Remote job
Senior/Staff Machine Learning Engineer
Job details
About this role
Role overview This is a senior-level engineering position on a data science team that powers a high-volume digital advertising platform. The work centers on building and improving the machine learning infrastructure that supports real-time ad optimization at very large scale. The role spans both individual technical contribution and collaboration with data scientists, backend engineers, and engineering leadership.
Responsibilities - Design modular, scalable real-time data pipelines capable of handling massive datasets. - Propose and coordinate architectural improvements to large-scale ML data pipelines. - Implement custom machine learning algorithms optimized for low-latency environments. - Build and maintain microservice architectures that train, serve, and monitor thousands of ML models concurrently. - Translate ambiguous research and product questions into concrete, actionable engineering plans.
Requirements - Demonstrated ability to take loosely defined problems and break them into structured work. - Track record of shepherding complex technical projects to completion independently and through coordination. - Deep understanding of algorithms, software design, concurrency, and data structures. - Hands-on experience implementing probabilistic or machine learning algorithms. - Experience designing scalable distributed systems. - Strong academic background in computer science or equivalent experience in a competitive technology environment.
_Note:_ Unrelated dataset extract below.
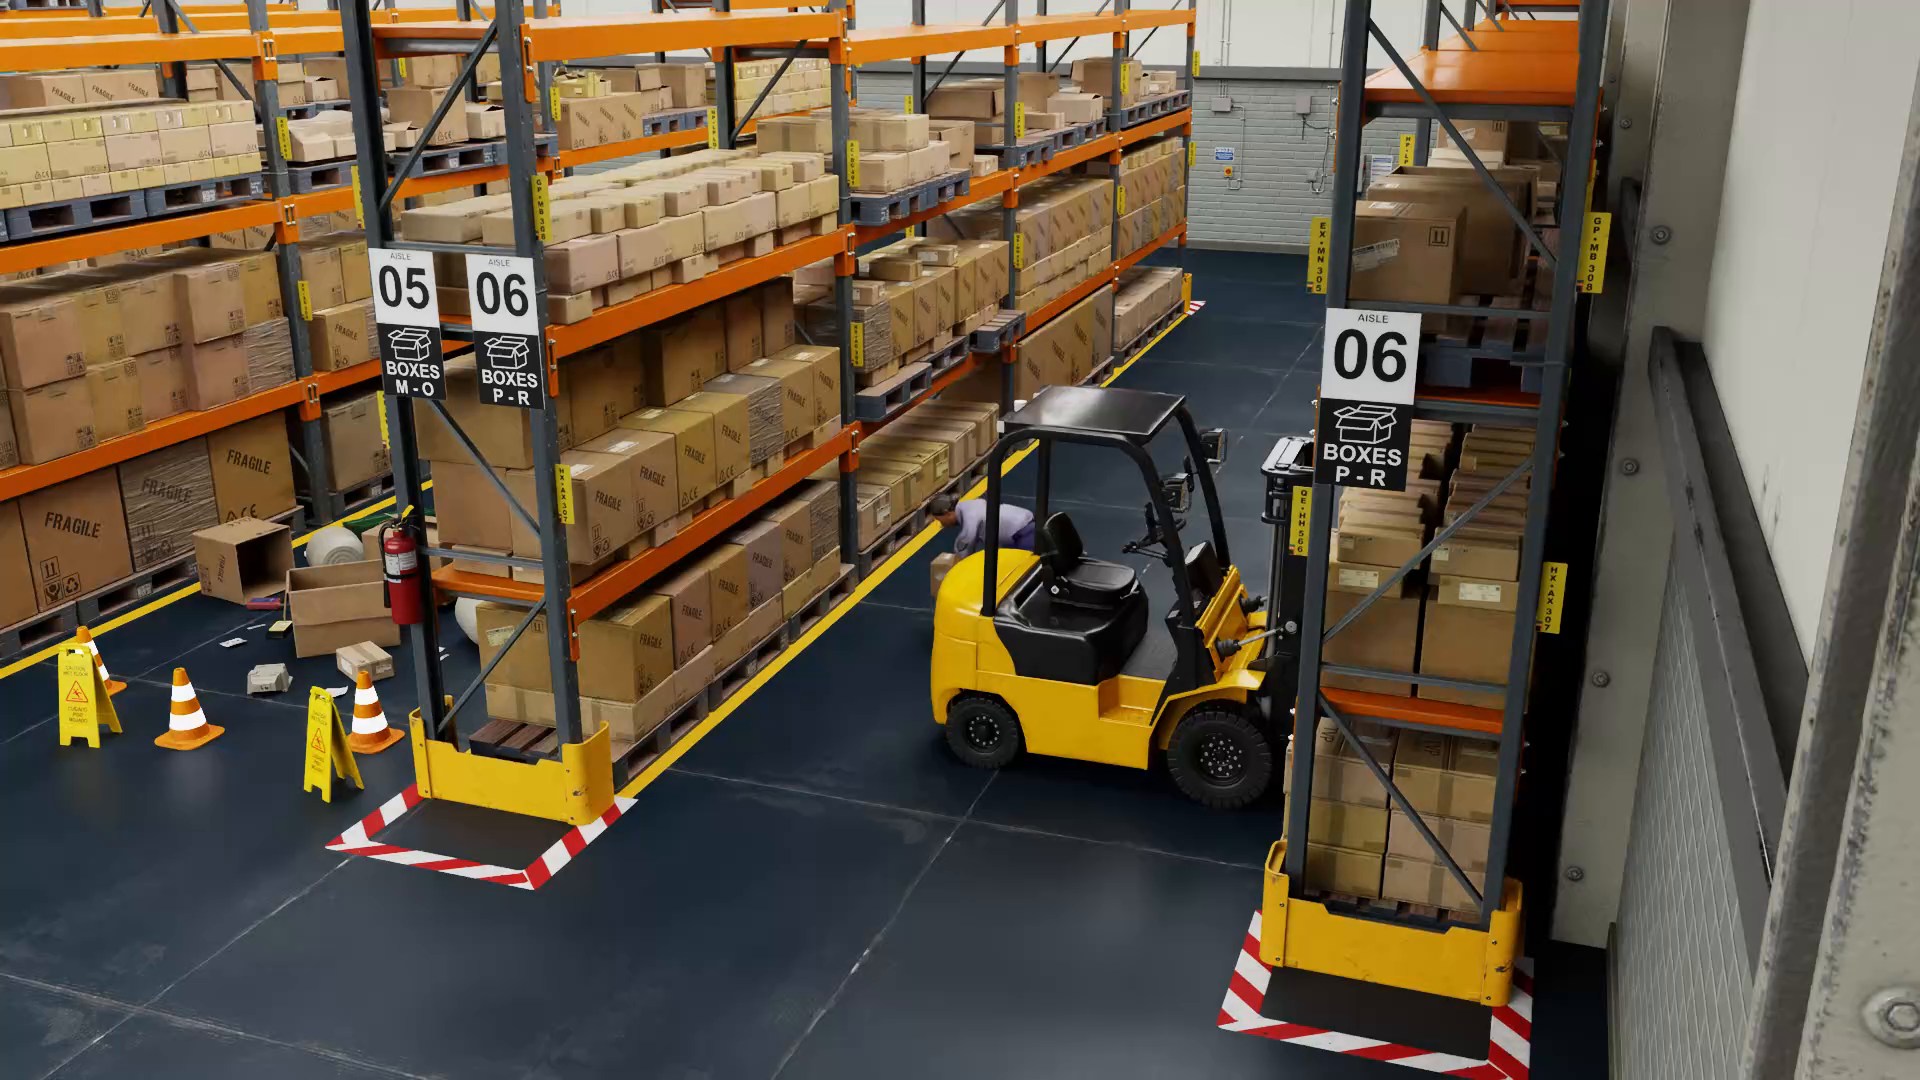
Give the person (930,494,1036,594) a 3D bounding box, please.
[{"bbox_3d":[0.224,0.191,11.933,0.888,1.067,0.506,3,19,8],"label":"person"}]

Nice to have - Experience working in collaborative, friendly engineering cultures.
Benefits and work setup - Remote-first position open to candidates located anywhere in Canada. - Base salary band of CAD $170,400 to $234,300, plus potential eligibility for bonuses, equity, or commissions depending on location and role. - Retirement or pension savings plan, competitive paid time off, mental health support, and health benefits from day one. - Home office reimbursements, optional co-working access, parental leave, learning budgets, and structured onboarding.